Scheduling is regarded as an important research area in computational systems. This issue in the Hadoop is particularly important for achieving higher cluster performance. Therefore, several scheduling algorithms have been proposed for this purpose [7, 8]. Hadoop has three default schedulers: FIFO, Fair and Capacity. What follows is a brief description of FIFO and Fair algorithms and as well as their positive and negative points.
FIFO scheduler
The FIFO scheduler places applications in a queue and runs them in the order of submission. Requests for the first application in the queue are allocated first; once its requests have been satisfied, the next application in the queue is served, and so on. It will not allocate any task from other jobs if the first job in the queue still has an unassigned map task. This scheduling rule has a negative effect on the data locality, because another job’s local tasks cannot be assigned to the slave node until all map tasks of the previous job are completed. Therefore, if there is a large cluster that executes many small jobs, the data locality rate could be quite low. FIFO scheduler has many limitations such as [6]: Most importantly, FIFO scheduler is not suitable for shared clusters. Large applications will use all the resources in a cluster, so each application has to wait its turn. On a shared cluster, it is better to use the Fair scheduler.
Fair scheduler
Fair scheduling is a method of assigning resources to jobs such that all jobs get, on average, an equal share of resources over time. The objective of the Fair scheduling algorithm is to carry out an equal distribution of computing resources among the users/jobs in the system. The scheduler actually organizes jobs by resource pool, and shares resources fairly between these pools.

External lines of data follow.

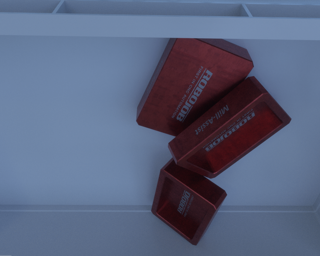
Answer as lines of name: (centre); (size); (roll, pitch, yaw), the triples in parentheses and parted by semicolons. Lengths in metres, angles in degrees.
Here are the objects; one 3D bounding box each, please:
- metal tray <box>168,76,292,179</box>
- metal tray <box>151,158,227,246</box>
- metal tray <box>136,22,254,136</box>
metal tray: (0.086, 0.006, 0.380); (0.130, 0.030, 0.090); (-41, 140, 18)
metal tray: (0.037, 0.112, 0.459); (0.090, 0.030, 0.129); (33, 141, 19)
metal tray: (0.036, -0.046, 0.367); (0.091, 0.030, 0.129); (18, 128, -15)
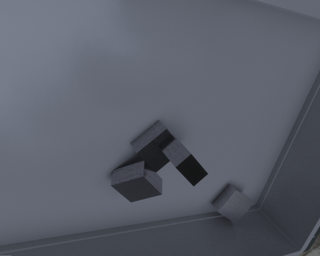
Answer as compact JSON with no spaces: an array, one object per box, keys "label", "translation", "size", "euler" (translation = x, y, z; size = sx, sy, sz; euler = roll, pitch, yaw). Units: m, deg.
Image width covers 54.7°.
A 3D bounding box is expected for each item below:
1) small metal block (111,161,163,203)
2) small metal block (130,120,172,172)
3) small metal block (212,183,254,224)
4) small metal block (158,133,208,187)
[{"label":"small metal block","translation":[-0.031,0.075,0.425],"size":[0.050,0.025,0.050],"euler":[-19,133,21]},{"label":"small metal block","translation":[-0.004,0.026,0.424],"size":[0.050,0.025,0.050],"euler":[-40,130,-2]},{"label":"small metal block","translation":[0.132,0.136,0.559],"size":[0.050,0.025,0.050],"euler":[36,96,-24]},{"label":"small metal block","translation":[0.030,0.041,0.404],"size":[0.025,0.050,0.050],"euler":[-41,130,0]}]

By default, there is a separate pool for each user. The Fair Scheduler can limit the number of concurrent running jobs per user and per pool. Moreover, it can limit the number of concurrent running tasks per pool. The fair scheduler schedules and organizes jobs into pools, where each pool has guaranteed capacity and the fair scheduler can limit concurrent running job per user as well as per pool. Jobs scheduler schedules the job using either fair sharing or first in first out and assigns the minimum share to pools. The most negative point of this algorithm is that it does not consider the job priority of each node, which could be considered an important disadvantage.